Content starts

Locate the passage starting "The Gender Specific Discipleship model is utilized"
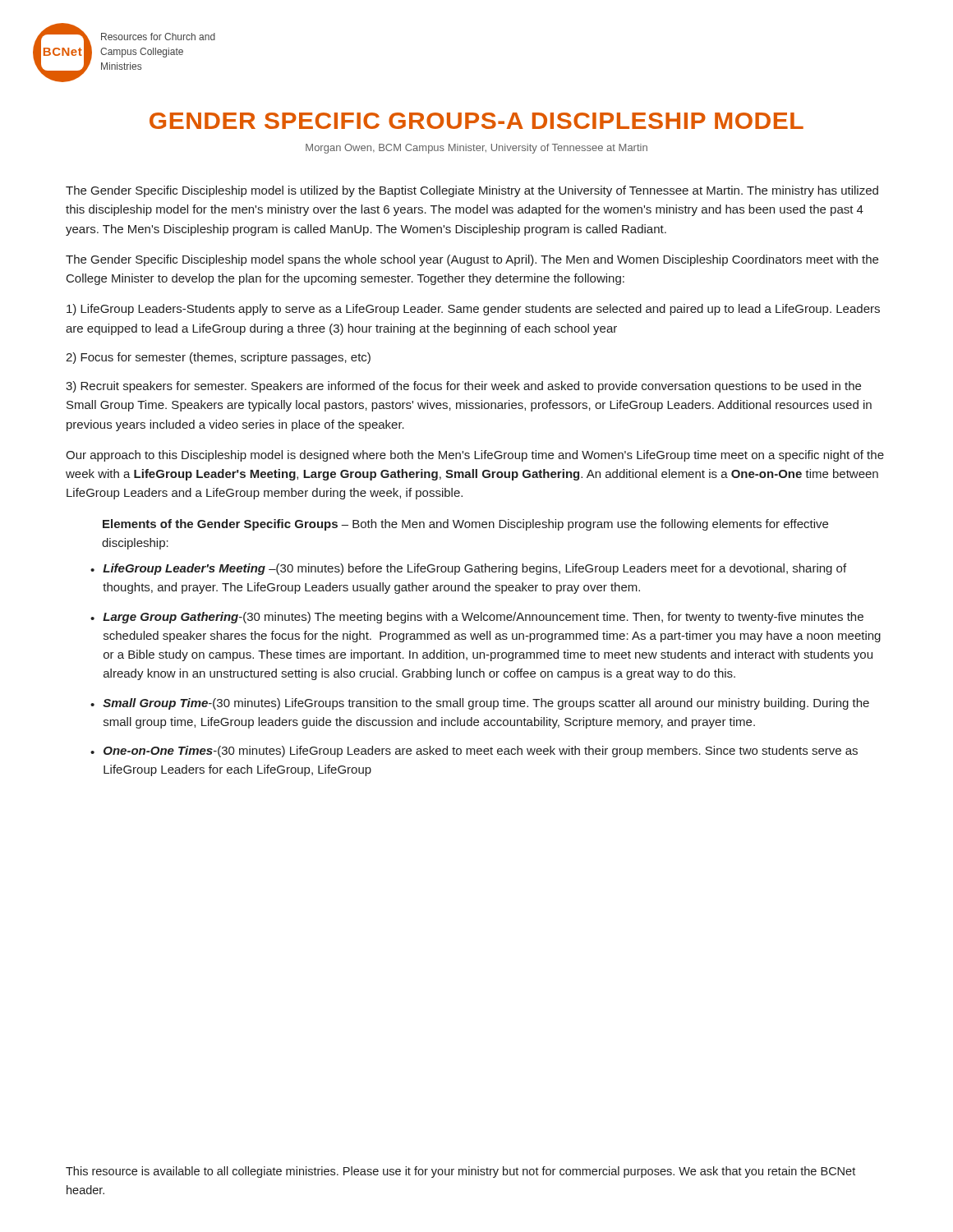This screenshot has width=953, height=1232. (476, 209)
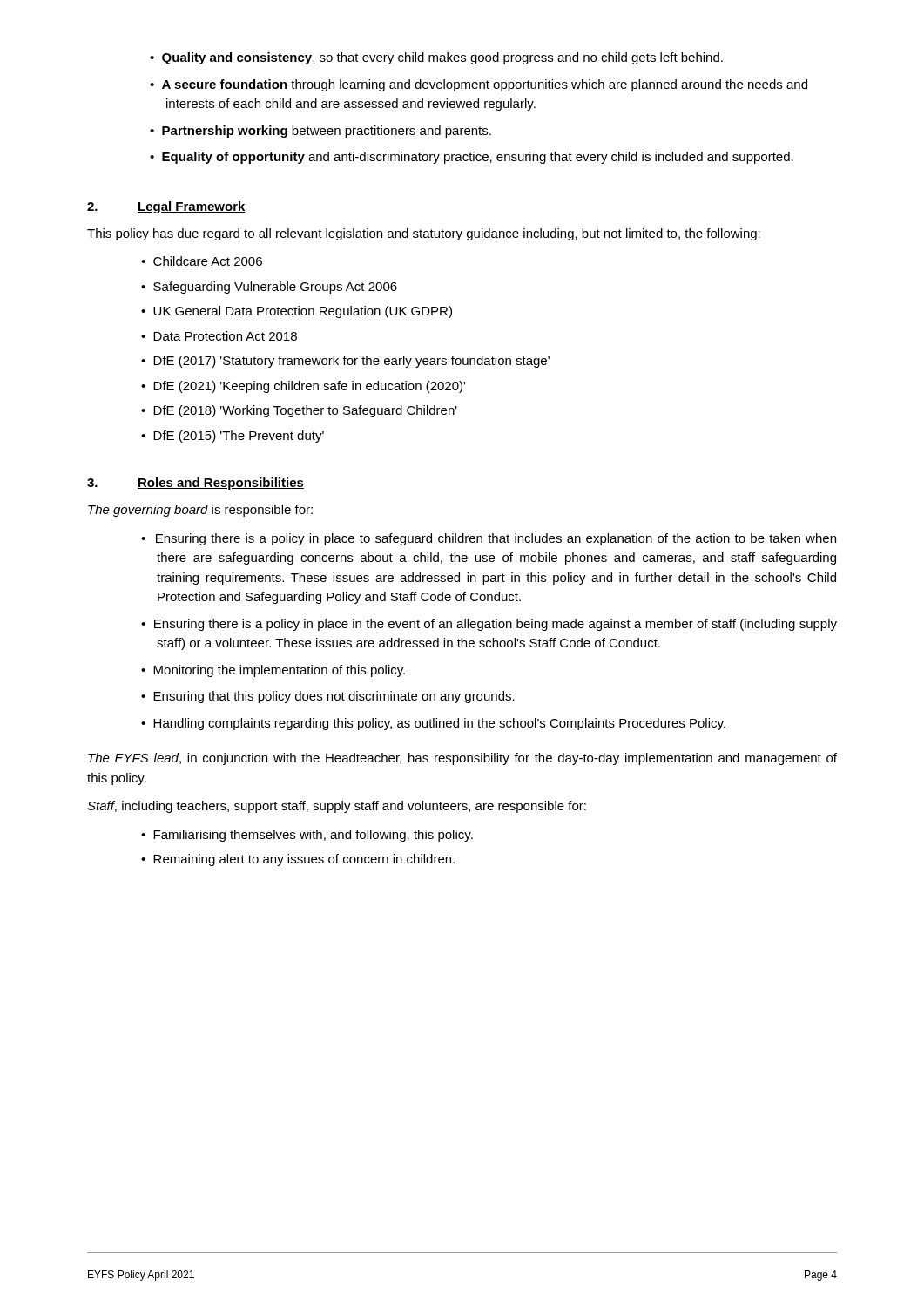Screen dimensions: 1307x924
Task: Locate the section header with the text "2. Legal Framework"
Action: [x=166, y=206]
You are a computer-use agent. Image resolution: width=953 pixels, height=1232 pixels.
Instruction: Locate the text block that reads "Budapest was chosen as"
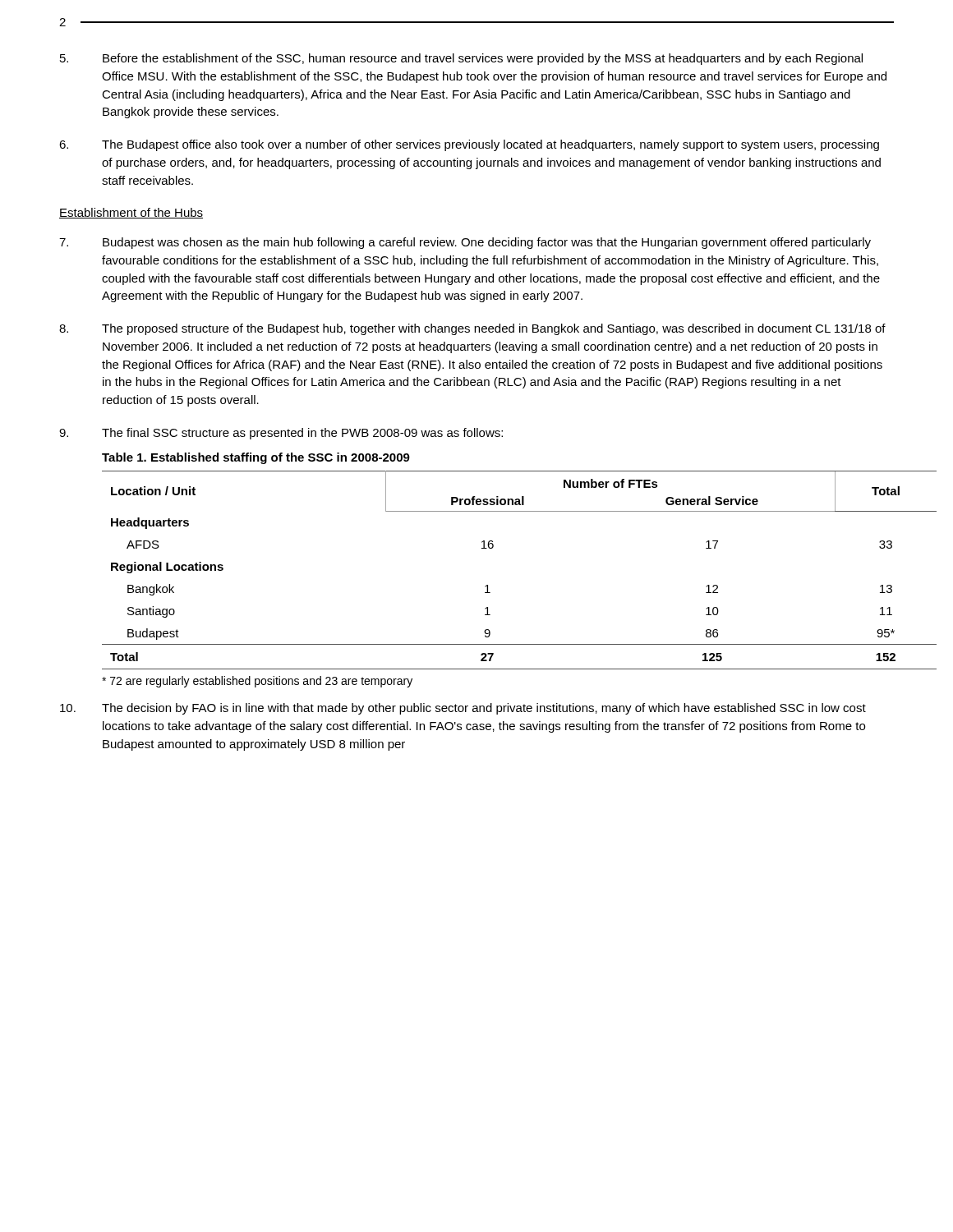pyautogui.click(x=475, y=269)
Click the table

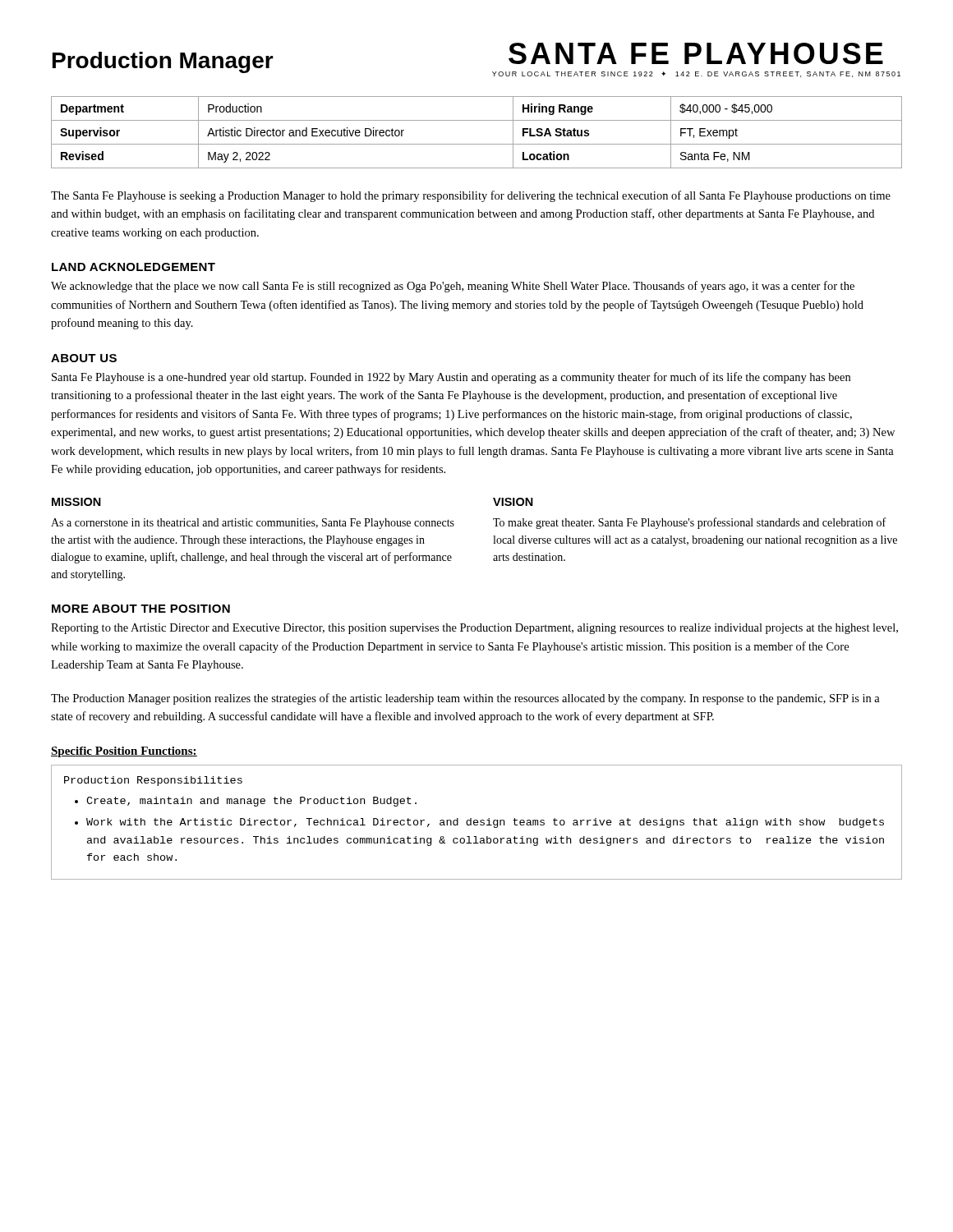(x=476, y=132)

Content ends

» What the task requires
A word-for-word copy of the records is required. Leave out every picture.

» Exercise solution
Locate the passage starting "The Gender Specific Discipleship model is utilized"
This screenshot has width=953, height=1232. (476, 209)
Screen dimensions: 1307x924
Task: Locate the section header with the text "2. Legal Framework"
Action: [x=166, y=206]
You are a computer-use agent. Image resolution: width=953 pixels, height=1232 pixels.
Instruction: Locate the text block that reads "Budapest was chosen as"
pyautogui.click(x=475, y=269)
Click the table

(x=476, y=132)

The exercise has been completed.